An audio encoding device includes a processor; and a memory which stores a plurality of instructions, which when executed by the processor, cause the processor to execute: detecting a plurality of lobes based on a frequency signal constituting an audio signal; calculating a masking threshold value of the frequency signal; allocating an amount of bits per unit frequency region to be allocated for encoding of the frequency signal on a basis of the masking threshold value; selecting a main lobe on a basis of bandwidth and power of the lobes; and controlling the encoding by reducing the amount of bits in a first region including a maximum value of the power in the main lobe.
Legal claims defining the scope of protection. Each claim is shown in both the original legal language and a plain English translation.

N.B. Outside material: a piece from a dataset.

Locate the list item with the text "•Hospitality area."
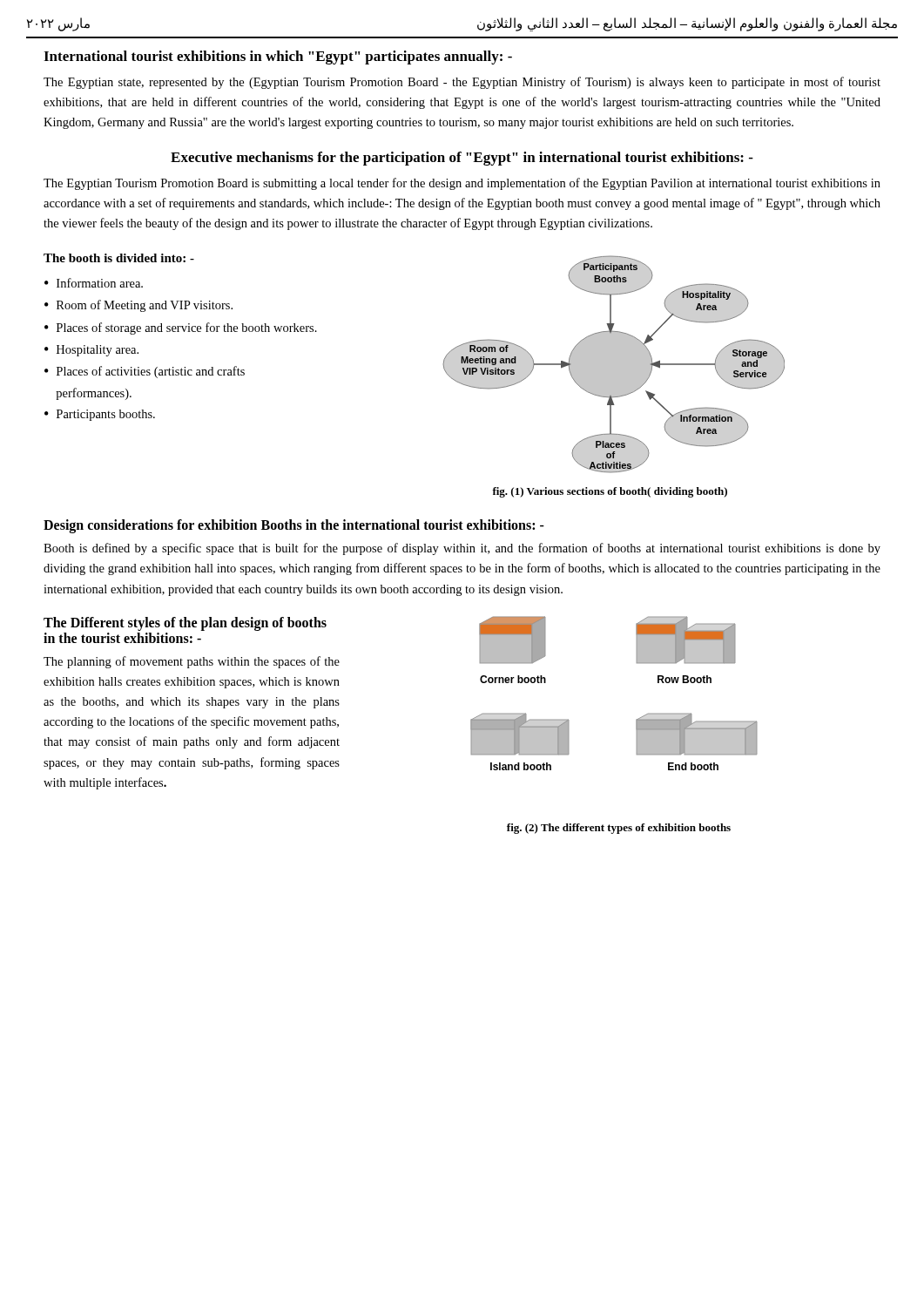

1. An audio encoding device comprising: a processor; and a memory which stores a plurality of instructions, which when executed by the processor, cause the processor to execute: detecting a plurality of lobes based on a frequency signal constituting an audio signal; calculating a masking threshold value of the frequency signal; allocating an amount of bits per unit frequency region to be allocated for encoding of the frequency signal on a basis of the masking threshold value; selecting a main lobe on a basis of bandwidth and power of the lobes; and controlling the encoding by reducing the amount of bits in a first region including a maximum value of the power in the main lobe.
An audio encoding device encodes audio by first analyzing the frequency components of the audio signal to detect distinct "lobes." A masking threshold, representing the audibility limit, is calculated for the frequency signal. The device then allocates bits for encoding each frequency region based on this masking threshold. It identifies a "main lobe" based on lobe bandwidth and power. Crucially, the device controls the encoding process by reducing the number of bits allocated to a specific region within the main lobe, specifically a region containing the maximum power value of the main lobe, thereby optimizing the encoding process.
2. The audio encoding device according to claim 1 , wherein the selecting selects a lobe having a largest bandwidth among the plurality of the lobes as a main lobe candidate, and selects the main lobe candidate as the main lobe when the bandwidth of the main lobe candidate is equal to or more than a first threshold value and the power of the main lobe candidate is equal to or more than a second threshold value.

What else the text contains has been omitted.